Single-Sample GSEA or ssGSEAFC model. The ssGSEA software is available from the GSEA portal (http://www.broadinstitute.org/gsea/index.jsp) and does not have a publication describing how its single sample method differs from the described cross-sample GSEA v2.0.10 software [22]. Although without published evaluation (simulation or experimental) by the method’s developers, ssGSEA was utilized on single samples [33]. We have previously extended the use of ssGSEA in the context of paired samples within the N-of-1-pathways framework as an alternative to the Wilcoxon model. In our implementation, we used the “ssGSEAPreranked” version that is applied on a pre-ranked list of genes and computes a permutation-based p-value for each gene set. In the context of our paired samples framework we pre-ranked the genes according to their Fold Change (FC) between non-exposed and rhinovirus-exposed samples calculated separately for every patient. This usage of ssGSEA was never formally described, so we called this model ssGSEAFC in order to show its specific application to Fold Change (FC) in paired data. The complete lists of dysregulated pathways obtained from this ssGSEAFC model for each patient are available as Supplement File 4 – ssGSEA.

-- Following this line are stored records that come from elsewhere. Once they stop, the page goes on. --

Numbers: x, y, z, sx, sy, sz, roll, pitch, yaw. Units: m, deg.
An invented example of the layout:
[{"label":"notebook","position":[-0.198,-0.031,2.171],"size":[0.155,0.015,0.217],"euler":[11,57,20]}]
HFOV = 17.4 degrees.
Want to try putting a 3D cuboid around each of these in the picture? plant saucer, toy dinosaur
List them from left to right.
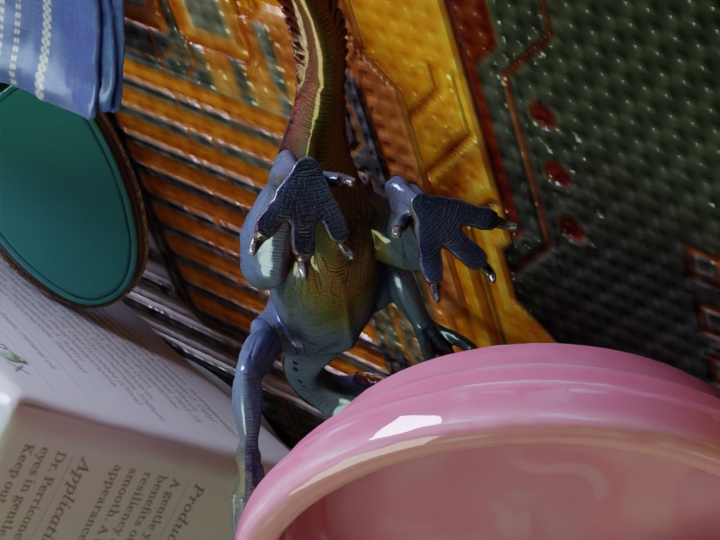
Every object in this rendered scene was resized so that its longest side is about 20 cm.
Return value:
[{"label":"toy dinosaur","position":[0.000,0.000,0.831],"size":[0.181,0.104,0.202],"euler":[141,125,-78]},{"label":"plant saucer","position":[0.059,0.087,0.767],"size":[0.199,0.051,0.201],"euler":[2,142,2]}]

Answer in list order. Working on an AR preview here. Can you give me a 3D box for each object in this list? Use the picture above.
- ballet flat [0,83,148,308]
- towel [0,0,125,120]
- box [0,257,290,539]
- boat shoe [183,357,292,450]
[{"label":"ballet flat","position":[-0.150,-0.074,0.931],"size":[0.201,0.070,0.065],"euler":[58,178,-18]},{"label":"towel","position":[-0.174,-0.130,0.821],"size":[0.198,0.024,0.145],"euler":[16,140,7]},{"label":"box","position":[-0.169,0.100,0.942],"size":[0.171,0.200,0.200],"euler":[20,-166,-47]},{"label":"boat shoe","position":[-0.029,0.116,1.011],"size":[0.201,0.060,0.072],"euler":[35,153,20]}]
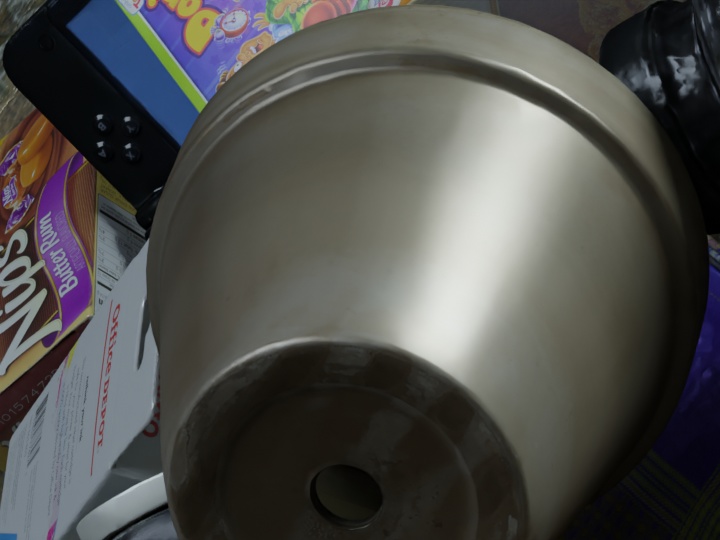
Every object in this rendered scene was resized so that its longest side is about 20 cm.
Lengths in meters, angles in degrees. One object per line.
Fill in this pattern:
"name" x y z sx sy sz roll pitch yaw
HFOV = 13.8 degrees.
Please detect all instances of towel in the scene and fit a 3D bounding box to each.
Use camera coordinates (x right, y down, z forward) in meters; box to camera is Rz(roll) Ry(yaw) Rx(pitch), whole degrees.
"towel" 0.102 0.057 1.108 0.144 0.023 0.200 -54 38 8

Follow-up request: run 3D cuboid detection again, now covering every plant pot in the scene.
"plant pot" 0.009 0.034 0.995 0.200 0.200 0.174 -40 12 27

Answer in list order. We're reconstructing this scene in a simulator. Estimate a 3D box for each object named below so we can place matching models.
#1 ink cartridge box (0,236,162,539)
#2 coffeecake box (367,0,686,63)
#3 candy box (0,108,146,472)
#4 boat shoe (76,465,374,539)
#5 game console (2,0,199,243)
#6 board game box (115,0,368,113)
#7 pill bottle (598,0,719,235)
"ink cartridge box" -0.096 0.078 1.302 0.200 0.068 0.115 128 153 -47
"coffeecake box" 0.125 -0.124 1.138 0.200 0.153 0.073 -36 35 33
"candy box" -0.153 -0.003 1.531 0.117 0.056 0.200 -38 34 30
"boat shoe" -0.016 0.084 1.152 0.200 0.074 0.060 -27 77 13
"game console" -0.064 -0.088 1.390 0.200 0.171 0.118 -42 7 22
"board game box" -0.037 -0.140 1.327 0.135 0.045 0.200 -48 58 16
"pill bottle" 0.187 -0.091 1.035 0.200 0.112 0.112 -27 41 29
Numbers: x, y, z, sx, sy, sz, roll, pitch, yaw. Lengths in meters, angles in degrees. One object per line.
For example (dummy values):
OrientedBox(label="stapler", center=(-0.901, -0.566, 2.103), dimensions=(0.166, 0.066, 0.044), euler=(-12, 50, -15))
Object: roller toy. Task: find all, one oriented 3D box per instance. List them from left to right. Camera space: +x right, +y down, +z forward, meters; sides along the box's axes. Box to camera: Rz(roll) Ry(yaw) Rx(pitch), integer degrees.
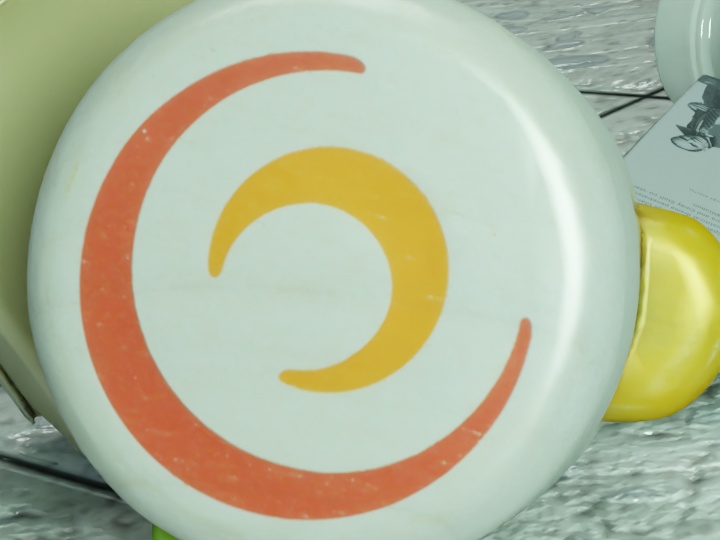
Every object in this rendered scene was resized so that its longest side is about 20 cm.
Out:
OrientedBox(label="roller toy", center=(0.000, 0.000, 0.760), dimensions=(0.200, 0.183, 0.140), euler=(-33, -6, 9))

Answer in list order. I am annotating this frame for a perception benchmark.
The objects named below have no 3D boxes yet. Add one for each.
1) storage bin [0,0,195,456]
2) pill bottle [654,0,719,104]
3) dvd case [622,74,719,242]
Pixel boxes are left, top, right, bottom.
OrientedBox(label="storage bin", center=(-0.077, -0.059, 0.868), dimensions=(0.198, 0.200, 0.094), euler=(-40, 35, -12))
OrientedBox(label="pill bottle", center=(0.242, -0.106, 1.115), dimensions=(0.200, 0.111, 0.111), euler=(7, 24, 41))
OrientedBox(label="dvd case", center=(0.170, -0.014, 0.912), dimensions=(0.150, 0.025, 0.200), euler=(24, 28, 14))
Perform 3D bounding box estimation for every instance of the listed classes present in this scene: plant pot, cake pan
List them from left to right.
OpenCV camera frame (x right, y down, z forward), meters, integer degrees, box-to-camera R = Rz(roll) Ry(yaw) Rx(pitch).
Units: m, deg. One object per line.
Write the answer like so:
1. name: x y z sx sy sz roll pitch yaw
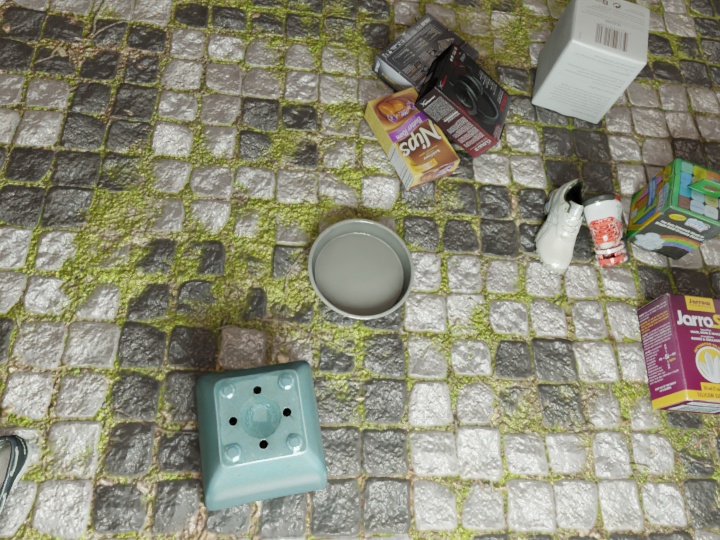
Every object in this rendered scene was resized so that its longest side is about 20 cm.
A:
1. plant pot: -0.149 0.232 0.848 0.194 0.200 0.198 -7 68 -12
2. cake pan: 0.000 0.000 1.063 0.198 0.037 0.202 4 66 -9

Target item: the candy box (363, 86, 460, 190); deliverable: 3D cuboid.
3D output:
1. candy box: 0.105 -0.277 1.192 0.116 0.057 0.201 -23 74 -20

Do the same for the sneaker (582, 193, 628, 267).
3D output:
1. sneaker: 0.478 -0.070 1.104 0.067 0.201 0.109 -11 73 24

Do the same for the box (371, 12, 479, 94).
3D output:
1. box: 0.147 -0.470 1.286 0.158 0.048 0.200 40 66 7

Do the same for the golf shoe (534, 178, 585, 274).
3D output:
1. golf shoe: 0.406 -0.094 1.143 0.078 0.097 0.201 16 66 -4

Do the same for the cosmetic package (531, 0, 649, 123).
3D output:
1. cosmetic package: 0.502 -0.469 1.264 0.166 0.200 0.167 17 65 -3

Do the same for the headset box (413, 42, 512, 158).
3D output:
1. headset box: 0.224 -0.347 1.196 0.199 0.077 0.150 35 58 -18

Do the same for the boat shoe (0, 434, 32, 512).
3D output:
1. boat shoe: -0.543 0.333 0.811 0.075 0.060 0.201 13 65 -4

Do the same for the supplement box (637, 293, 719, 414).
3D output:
1. supplement box: 0.616 0.157 1.067 0.130 0.103 0.202 5 66 -7

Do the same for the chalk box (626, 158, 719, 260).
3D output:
1. chalk box: 0.648 -0.131 1.143 0.124 0.200 0.125 20 65 -1
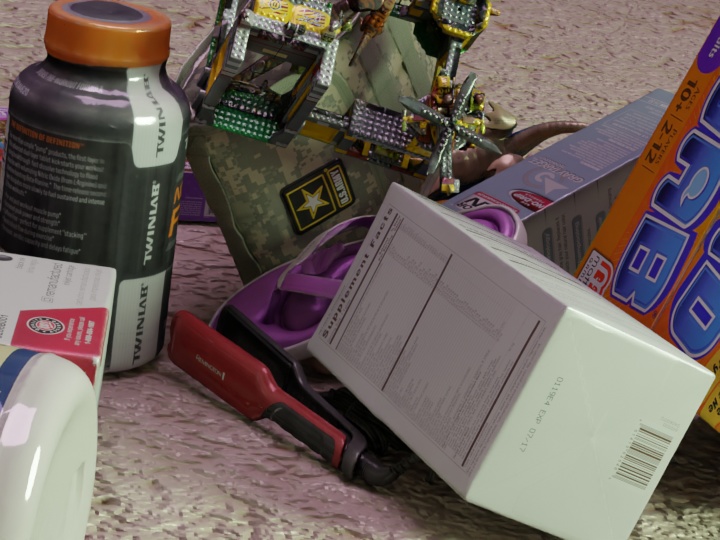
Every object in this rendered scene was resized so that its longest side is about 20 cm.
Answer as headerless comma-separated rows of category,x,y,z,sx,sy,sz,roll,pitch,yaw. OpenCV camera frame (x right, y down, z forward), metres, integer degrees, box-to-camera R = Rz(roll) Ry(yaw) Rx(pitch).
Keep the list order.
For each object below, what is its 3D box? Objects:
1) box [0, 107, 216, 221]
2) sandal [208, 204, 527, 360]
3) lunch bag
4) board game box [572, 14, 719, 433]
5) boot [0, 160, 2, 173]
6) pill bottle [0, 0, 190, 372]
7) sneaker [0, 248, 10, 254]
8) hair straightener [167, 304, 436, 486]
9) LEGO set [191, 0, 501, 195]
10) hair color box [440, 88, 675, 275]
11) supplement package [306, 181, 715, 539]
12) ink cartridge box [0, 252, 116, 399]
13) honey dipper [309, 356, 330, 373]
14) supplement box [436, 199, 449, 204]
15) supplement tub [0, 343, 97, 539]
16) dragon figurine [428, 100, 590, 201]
box,-0.195,-0.078,1.617,0.198,0.039,0.137,3,19,-21
sandal,-0.002,-0.004,1.341,0.201,0.050,0.083,-20,37,1
lunch bag,-0.031,-0.087,1.419,0.117,0.165,0.201,6,46,31
board game box,0.276,0.001,1.275,0.199,0.201,0.200,24,10,-28
boot,-0.223,-0.041,1.419,0.200,0.071,0.144,18,21,-23
pill bottle,-0.154,-0.052,1.293,0.105,0.202,0.106,8,19,-3
sneaker,-0.267,0.019,1.255,0.198,0.075,0.089,15,34,18
hair straightener,-0.020,0.069,1.260,0.077,0.041,0.199,-8,25,-43
LEGO set,-0.003,-0.138,1.276,0.199,0.155,0.116,24,-22,-9
hair color box,0.145,-0.030,1.452,0.199,0.100,0.060,-28,36,-30
supplement package,0.075,0.048,1.213,0.109,0.114,0.200,24,9,-32
ink cartridge box,-0.231,0.044,1.153,0.198,0.084,0.145,8,18,-6
honey dipper,0.067,0.058,1.356,0.198,0.038,0.038,5,18,-3
supplement box,0.096,-0.012,1.530,0.199,0.069,0.066,-5,21,-43
supplement tub,-0.219,0.089,0.921,0.198,0.146,0.145,11,18,4
dragon figurine,0.082,-0.075,1.589,0.198,0.059,0.099,-17,-10,3
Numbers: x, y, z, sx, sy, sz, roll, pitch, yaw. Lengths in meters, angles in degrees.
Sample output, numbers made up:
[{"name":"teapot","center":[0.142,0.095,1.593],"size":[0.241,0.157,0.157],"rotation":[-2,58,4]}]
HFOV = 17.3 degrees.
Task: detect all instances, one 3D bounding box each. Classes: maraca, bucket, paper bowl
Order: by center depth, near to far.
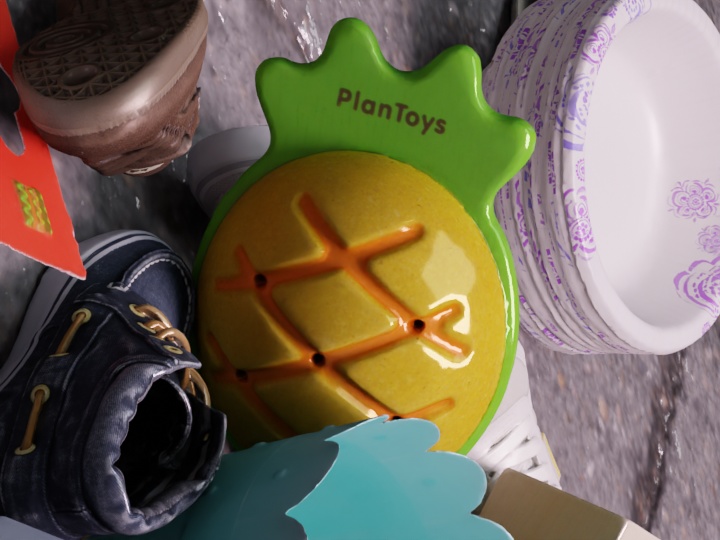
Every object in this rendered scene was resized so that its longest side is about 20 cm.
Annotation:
[{"name":"bucket","center":[-0.030,0.158,0.886],"size":[0.207,0.135,0.207],"rotation":[35,50,-54]},{"name":"maraca","center":[0.000,0.000,0.951],"size":[0.107,0.137,0.200],"rotation":[-57,159,-69]},{"name":"paper bowl","center":[0.126,-0.054,1.301],"size":[0.201,0.104,0.201],"rotation":[3,86,-52]}]

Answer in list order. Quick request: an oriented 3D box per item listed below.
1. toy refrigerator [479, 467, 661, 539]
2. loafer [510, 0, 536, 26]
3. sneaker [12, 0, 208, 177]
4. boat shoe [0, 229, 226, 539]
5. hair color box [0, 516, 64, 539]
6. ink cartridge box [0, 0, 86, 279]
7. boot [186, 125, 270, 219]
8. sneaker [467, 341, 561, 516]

Principal Component Analysis (PCA)
The PCA was computed using the “FactoMineR” package in R (with default parameters). We first computed the matrix of p-values computed for every pathway assessed for each patient. Then, these p-values were transformed into Z-scores using an inverse standard Normal distribution (Z-score = abs(qnorm(p-value/2)) in R. The PCA was finally applied on this matrix of Z-scores.
Results
Comparison of cohort-based results within the ex vivo and in vivo studies
We compared the concordance of the results unveiled from cohort-based methods (conventional) across four patients. We applied two well-established, cohort-level methods: GSEA (Methods: GSEA) and DEG+Enrichment (Methods: DEG+Enrichment) in the two datasets by comparing the virus-exposed to the non-exposed samples. In order to visualize their concordance, we plotted Similarity Venn Diagrams (Methods: Similarity Venn Diagram) between the results unveiled by GSEA and DEG+Enrichment (at FDR≤5%), separately within the ex vivo and the in vivo datasets. Figure 2 shows the overlap as well as the similarity between the two techniques. Supplement Tables S1&S2 recapitulate the pathways found dysregulated by both techniques.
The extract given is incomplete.